= Christopher Hodson (judge) =

New Zealand lawyer and judge

Christopher John Hodson is a New Zealand barrister and judge. He was Judge Advocate General of the New Zealand Armed Forces, and the Chief Judge of the Court Martial of New Zealand until 2015.

==Early life==
Hodson was born in Masterton, where he grew up on his family's hill-country farm. He graduated from the Victoria University of Wellington in 1966 with a Bachelor of Laws degree.

==Career==
Hodson was admitted to the bar in 1966, and from 1966 to 1982, was a partner in Major Gooding & Partners in Masterton.

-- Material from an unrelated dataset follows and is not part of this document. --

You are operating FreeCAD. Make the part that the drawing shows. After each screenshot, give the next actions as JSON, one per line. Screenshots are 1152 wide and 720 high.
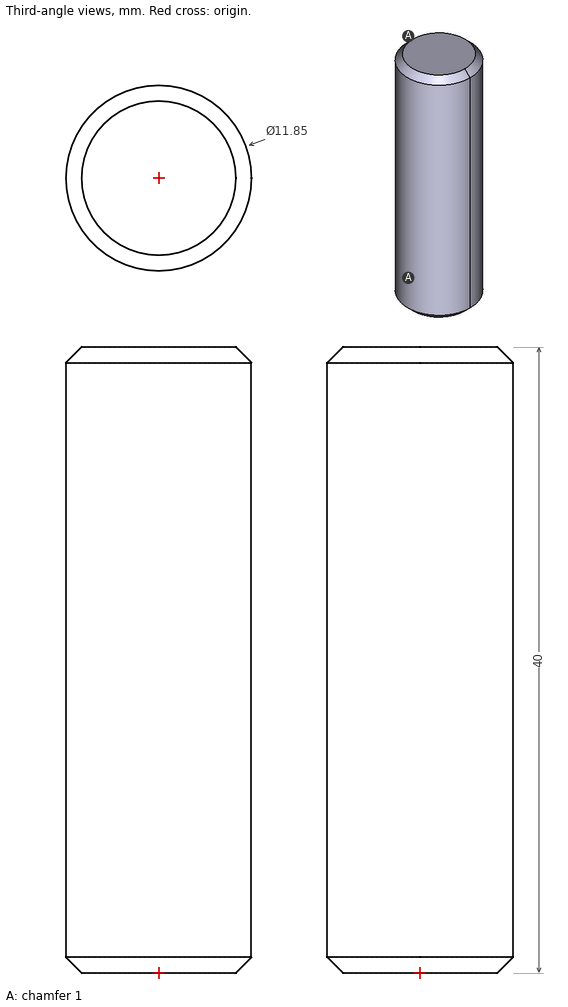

In 1983, Hodson became a partner in Macalister Mazengarb Parkin & Rose in Wellington, before commencing practice as a barrister sole in 1991, where he specialised in medical and military law. He was appointed Queen's Counsel in 1998.

Between 2008 and 2015, Hodson was the Judge Advocate General of the New Zealand Armed Forces, and the Chief Judge of the Court Martial of New Zealand. He is also vice-president of the International Equestrian Federation.

Hodson served in the Territorial Force (reserve) of the New Zealand Army, retiring as a lieutenant colonel in 1992.

==Personal life==
Hodson had three children with his first wife. In 1992, he married fellow judge and barrister Lowell Goddard, who has a daughter from her first marriage to Sir John Scott, 5th Baronet, in 1969.